So we can rearrange this equation and solve it for different variables within the equation. For example, if I wanted to write this relationship in terms of time, I would isolate the t variable by dividing by r on both sides so I would see that time is equal to the work divided by the rate. Similarly, if I wanted to express this relationship in terms of the rate, to isolate my r variable, I would divide by my t variable on both sides. So that would give me that the rate is equal to the work divided by the time.

And another thing to know about solving problems involving work, rate, and time is that that the combined rate is going to be the sum of each individual rate. So for example, you could represent that as r1 plus r2 where r1 is the rate of work for one person and r2 is the rate of work for another person. So let's do an example again involving work, rate, and time for a real world scenario and see how we could represent it using a system of equations.

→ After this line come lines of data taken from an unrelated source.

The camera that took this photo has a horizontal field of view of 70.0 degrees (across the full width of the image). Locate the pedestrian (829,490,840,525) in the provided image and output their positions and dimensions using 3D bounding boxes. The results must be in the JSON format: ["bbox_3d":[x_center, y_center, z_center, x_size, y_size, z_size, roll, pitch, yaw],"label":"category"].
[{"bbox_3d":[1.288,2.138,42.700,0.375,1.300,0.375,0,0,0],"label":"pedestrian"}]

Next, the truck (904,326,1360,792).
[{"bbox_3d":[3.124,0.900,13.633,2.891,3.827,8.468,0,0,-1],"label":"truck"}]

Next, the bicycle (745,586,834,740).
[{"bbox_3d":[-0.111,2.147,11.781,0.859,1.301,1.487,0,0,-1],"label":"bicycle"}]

Suppose I have two people-- Kate and Jenny-- who work in a bicycle shop. Jenny can repair 48 bikes in the same amount of time that it takes Kate to repair 32 bikes. And we also know that Jenny can repair 2 more bikes per hour than Kate can. We want to know the rate that Jenny repairs bikes and the rate that Kate repairs bikes.

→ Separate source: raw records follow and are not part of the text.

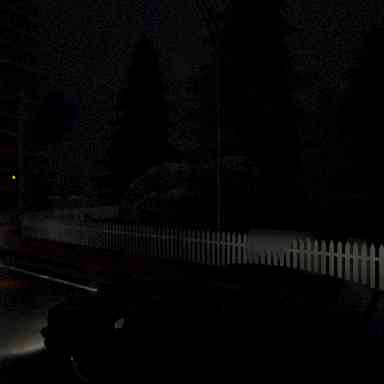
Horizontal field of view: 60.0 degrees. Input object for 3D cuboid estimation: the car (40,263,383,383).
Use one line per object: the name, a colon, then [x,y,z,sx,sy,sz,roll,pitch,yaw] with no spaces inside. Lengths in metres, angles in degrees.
car: [0.622,1.547,3.550,5.357,1.411,2.033,0,0,36]

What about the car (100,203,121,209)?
car: [-10.316,1.545,43.359,1.895,1.301,4.718,0,0,5]
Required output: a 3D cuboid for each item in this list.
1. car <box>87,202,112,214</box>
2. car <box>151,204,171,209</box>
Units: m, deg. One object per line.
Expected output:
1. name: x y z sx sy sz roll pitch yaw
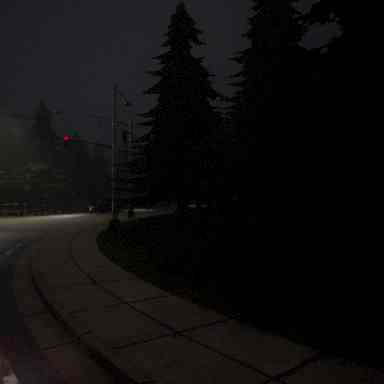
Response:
1. car: -9.297 1.492 36.270 2.128 1.511 4.902 0 0 26
2. car: -4.745 1.352 45.203 2.097 1.767 4.553 0 0 28
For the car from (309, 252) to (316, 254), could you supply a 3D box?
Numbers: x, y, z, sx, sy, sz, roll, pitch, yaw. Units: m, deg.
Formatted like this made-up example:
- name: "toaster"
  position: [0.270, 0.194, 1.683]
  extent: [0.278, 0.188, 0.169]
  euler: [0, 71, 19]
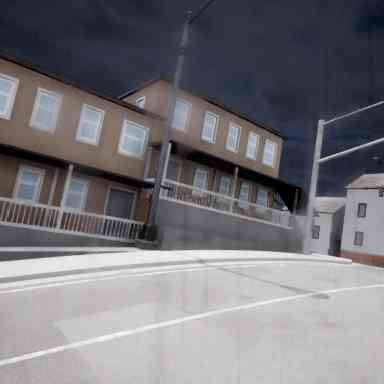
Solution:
- name: "car"
  position: [10.834, 6.154, 30.236]
  extent: [1.895, 1.301, 4.718]
  euler: [14, -17, -34]
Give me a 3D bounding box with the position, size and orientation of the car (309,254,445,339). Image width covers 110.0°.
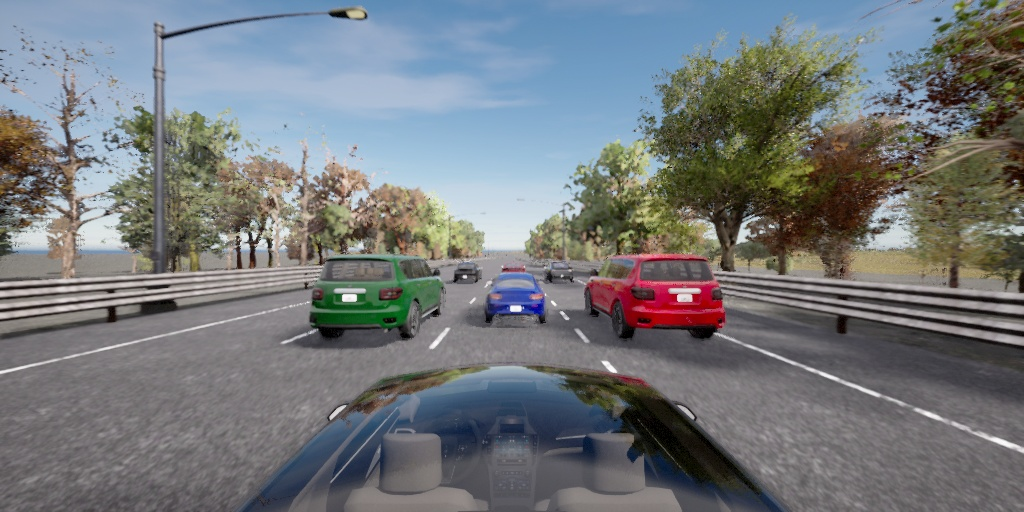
[{"bbox_3d":[-3.399,0.970,10.182,2.150,2.045,5.566,0,0,0],"label":"car"}]

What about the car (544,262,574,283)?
[{"bbox_3d":[3.604,1.238,28.144,2.128,1.511,4.902,0,0,0],"label":"car"}]

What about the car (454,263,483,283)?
[{"bbox_3d":[-3.395,1.251,28.240,1.837,1.490,4.892,0,0,0],"label":"car"}]

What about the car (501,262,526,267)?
[{"bbox_3d":[0.117,1.224,29.769,1.882,1.535,5.008,0,0,0],"label":"car"}]

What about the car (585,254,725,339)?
[{"bbox_3d":[3.602,0.970,10.155,2.150,2.045,5.566,0,0,0],"label":"car"}]

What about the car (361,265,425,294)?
[{"bbox_3d":[-6.896,1.294,21.467,2.033,1.411,5.357,0,0,0],"label":"car"}]

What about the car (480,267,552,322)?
[{"bbox_3d":[0.108,1.272,12.075,1.812,1.442,4.674,0,0,0],"label":"car"}]
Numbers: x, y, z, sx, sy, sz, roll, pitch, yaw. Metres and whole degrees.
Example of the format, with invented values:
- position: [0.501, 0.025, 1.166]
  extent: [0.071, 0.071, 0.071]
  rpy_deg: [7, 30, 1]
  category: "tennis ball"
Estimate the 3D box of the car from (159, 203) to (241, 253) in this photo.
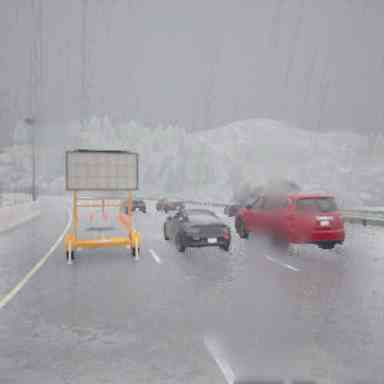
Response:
- position: [0.073, 1.388, 13.053]
  extent: [1.812, 1.442, 4.674]
  rpy_deg: [0, 1, -15]
  category: "car"

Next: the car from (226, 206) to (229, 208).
- position: [4.125, 1.285, 24.208]
  extent: [2.033, 1.411, 5.357]
  rpy_deg: [0, 1, -18]
  category: "car"

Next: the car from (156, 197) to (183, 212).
- position: [-2.042, 1.202, 31.206]
  extent: [1.812, 1.442, 4.674]
  rpy_deg: [0, 1, -20]
  category: "car"

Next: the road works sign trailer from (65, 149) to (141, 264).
- position: [-3.091, 0.348, 11.562]
  extent: [2.380, 3.560, 2.880]
  rpy_deg: [0, 1, -16]
  category: "road works sign trailer"

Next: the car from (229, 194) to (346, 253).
- position: [3.624, 1.073, 13.364]
  extent: [2.150, 2.045, 5.566]
  rpy_deg: [0, 1, -14]
  category: "car"

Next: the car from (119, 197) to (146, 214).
- position: [-5.498, 1.195, 30.512]
  extent: [1.837, 1.490, 4.892]
  rpy_deg: [0, 1, -20]
  category: "car"

So let's start by defining our two variables for what we want to know. Let's let r1 be Jenny's rate for repairing bikes. And we'll let r2 be Kate's rate for repairing bikes. So the first thing that I know is that the amount of time that it takes Jenny to repair 48 bikes is the same as the amount of time that it takes Kate to repair 32 bikes.

So thinking about our relationship between work, rate, and time, I know that I can represent time as being equal to the work divided by the rate. So I'm going to define the amount of time that it takes Jenny to repair bikes as the work over her rate. So she can repair 48 bikes and that will be over her rate which is r1 and so this is equal to the amount of time for Jenny.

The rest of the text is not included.